(Dataset items)
━━━━━━━━━━━━━━━━━━━━━━━━━━━━━━
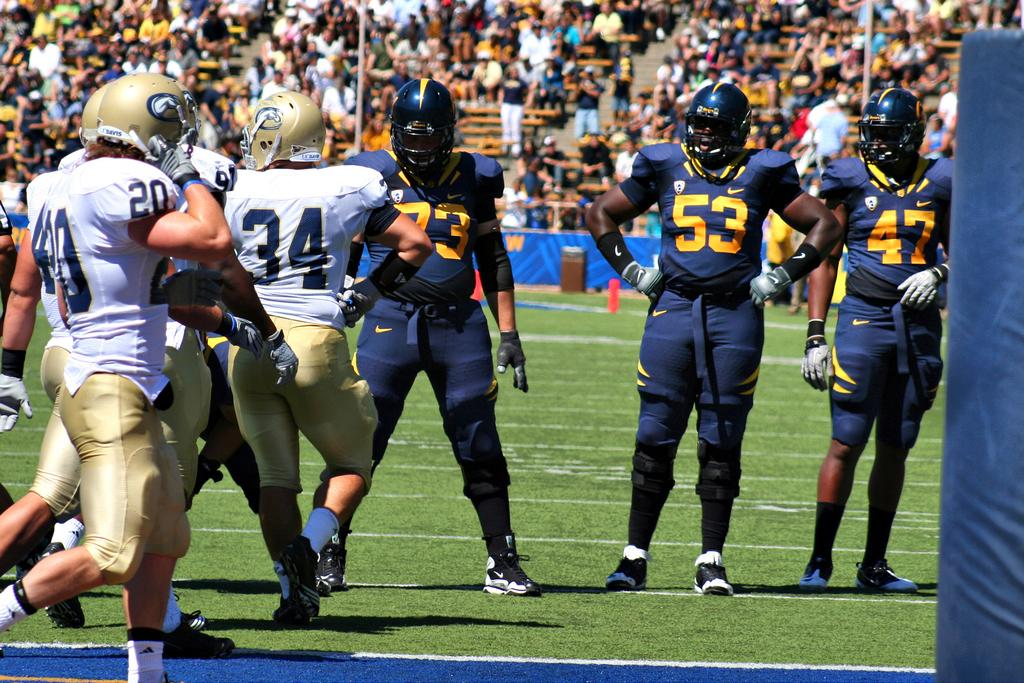How many people are in the image? There are people in the image, but the exact number is not specified. What are some people wearing in the image? Some people are wearing helmets in the image. What type of terrain is visible in the image? There is grass in the image, suggesting a natural outdoor setting. What can be seen hanging or displayed in the image? There is a banner in the image. What type of furniture is present in the image? There are chairs in the image. What architectural feature is visible in the image? There are stairs in the image. What type of engine can be seen powering the cattle in the image? There are no cattle or engines present in the image. 
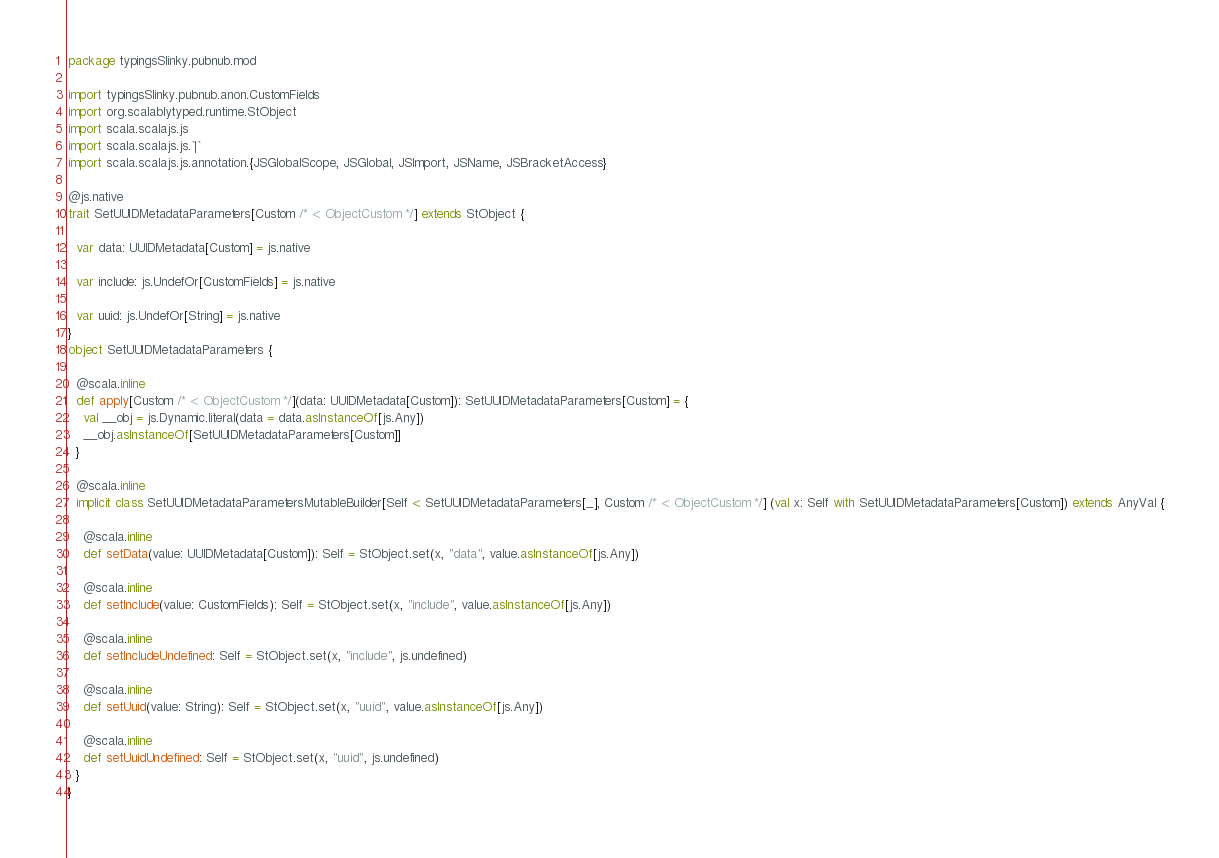Convert code to text. <code><loc_0><loc_0><loc_500><loc_500><_Scala_>package typingsSlinky.pubnub.mod

import typingsSlinky.pubnub.anon.CustomFields
import org.scalablytyped.runtime.StObject
import scala.scalajs.js
import scala.scalajs.js.`|`
import scala.scalajs.js.annotation.{JSGlobalScope, JSGlobal, JSImport, JSName, JSBracketAccess}

@js.native
trait SetUUIDMetadataParameters[Custom /* <: ObjectCustom */] extends StObject {
  
  var data: UUIDMetadata[Custom] = js.native
  
  var include: js.UndefOr[CustomFields] = js.native
  
  var uuid: js.UndefOr[String] = js.native
}
object SetUUIDMetadataParameters {
  
  @scala.inline
  def apply[Custom /* <: ObjectCustom */](data: UUIDMetadata[Custom]): SetUUIDMetadataParameters[Custom] = {
    val __obj = js.Dynamic.literal(data = data.asInstanceOf[js.Any])
    __obj.asInstanceOf[SetUUIDMetadataParameters[Custom]]
  }
  
  @scala.inline
  implicit class SetUUIDMetadataParametersMutableBuilder[Self <: SetUUIDMetadataParameters[_], Custom /* <: ObjectCustom */] (val x: Self with SetUUIDMetadataParameters[Custom]) extends AnyVal {
    
    @scala.inline
    def setData(value: UUIDMetadata[Custom]): Self = StObject.set(x, "data", value.asInstanceOf[js.Any])
    
    @scala.inline
    def setInclude(value: CustomFields): Self = StObject.set(x, "include", value.asInstanceOf[js.Any])
    
    @scala.inline
    def setIncludeUndefined: Self = StObject.set(x, "include", js.undefined)
    
    @scala.inline
    def setUuid(value: String): Self = StObject.set(x, "uuid", value.asInstanceOf[js.Any])
    
    @scala.inline
    def setUuidUndefined: Self = StObject.set(x, "uuid", js.undefined)
  }
}
</code>
━━━━━━━━━━━━━━━━━━━━━━━━━━━━━━
Scan the data for the word "ObjectCustom" and copy every line where it shows up.

trait SetUUIDMetadataParameters[Custom /* <: ObjectCustom */] extends StObject {
  def apply[Custom /* <: ObjectCustom */](data: UUIDMetadata[Custom]): SetUUIDMetadataParameters[Custom] = {
  implicit class SetUUIDMetadataParametersMutableBuilder[Self <: SetUUIDMetadataParameters[_], Custom /* <: ObjectCustom */] (val x: Self with SetUUIDMetadataParameters[Custom]) extends AnyVal {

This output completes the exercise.